Hasil penelitian dari Zafra dan Retamero (2012) menunjukkan bahwa terdapat kecenderungan perubahan karakteristik gender pada pria dan wanita dalam dekade terakhir, khususnya bagaimana maskulinitas lebih berkembang pada wanita dibandingkan perkembangan feminitas pada pria. Sejumlah hasil studi terdahulu menunjukkan bahwa seorang pemimpin wanita dengan karakter maskulin akan lebih diterima dibandingkan pria (Helgeson, 2011). Di samping itu, dikotomi maskulin-feminim ini juga berkaitan erat dengan gaya kepemimpinan. Sejumlah penelitian lain menunjukkan bahwa wanita cenderung lebih memiliki gaya kepemimpinan transformasional, sedangkan laki-laki lebih dekat dengan gaya kepemimpinan transaksional (Stempel, Rigotti, & Mohr, 2015). Kepemimpinan gaya transformasional lebih menekankan pada kepemimpinan kharsimatik dan inspirasi motivasional. Hal ini diakomodasi oleh tim Power rangers time force, ketika mereka menjadikan ranger pink yang seorang wanita sebagai pemimpin di saat timnya kehilangan ranger merah. Artinya, itu terjadi dalam kondisi darurat. Mirip seperti ketika Indonesia di masa awal reformasi yang tidak stabil, ditambah kondisi chaos pasca lengsernya Gus Dur, maka Megawati pun diangkat sebagai Presiden. Hal ini berbeda dengan dalam kondisi normal, maka kembali lagi akan lebih diharapkan pemimpin wanita yang mengakomodasi gaya maskulin, seperti yang terjadi pada tim Power rangers super samurai yang juga menjadikan wanita sebagai pemimpin tim, namun tetap berkostum merah. Ini yang mungkin juga terjadi pada Selandia Baru dan Finlandia, yang menjadikan wanita muda sebagai Perdana Menteri.
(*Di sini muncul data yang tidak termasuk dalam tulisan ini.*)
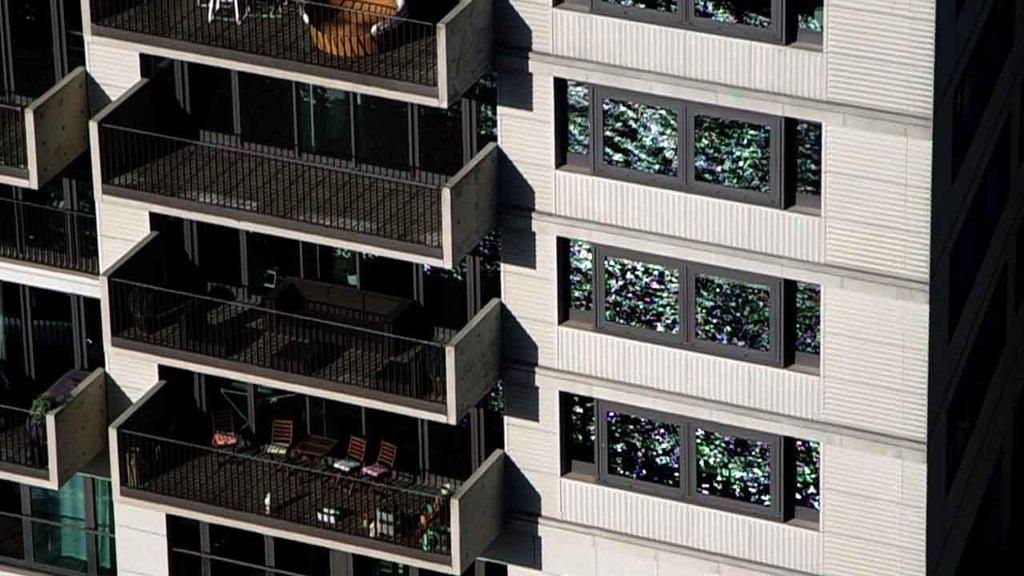What type of structure is visible in the image? There is a building in the image. What feature of the building is mentioned in the facts? The building has glass windows and doors. What can be seen on the balcony of the building? There are chairs and sofas in the balcony, as well as other objects. What safety feature is present on the balcony? The balcony has railings. What type of bread is being served on the balcony in the image? There is no bread present in the image; the facts mention chairs, sofas, and other objects on the balcony, but not bread.

Secara umum, motivasi menjadi pemimpin boleh dikatakan telah mulai berimbang antara laki-laki dan wanita. Boleh dikatakan, pengaruh dari Power rangers ataupun film model lawas lain yang masih mengandung bias gender sudah mulai memudar, di samping karena film-film itu sendiripun sudah mulai lebih fokus pada kesetaraan gender. Meski demikian, motivasi memimpin itu tak langsung berkorelasi pada gaya kepemimpinan yang dipergunakan, apakah maskulin atau feminim. Jadi, anak-anak generasi Z atau bahkan Alpha masih bisa menjadikan ranger merah sebagai idolanya. Bedanya, kini tidak harus selalu anak laki-laki, namun juga perempuan.
Referensi:
Helgeson, V.S. (2011). The psychology of gender, 4th ed. NY: Pearson.
Stempel, C.R., Rigotti, T., & Mohr, G. (2011). Think transformational leadership – think female? Leadership, 11(3), 259-280.
Zafra, E.L. & Retamero, R.G. (2012). Do gender stereotypes changes? The dynamic of gender stereotypes in Spain. Journal of Gender Studies, 21(2), 169-183.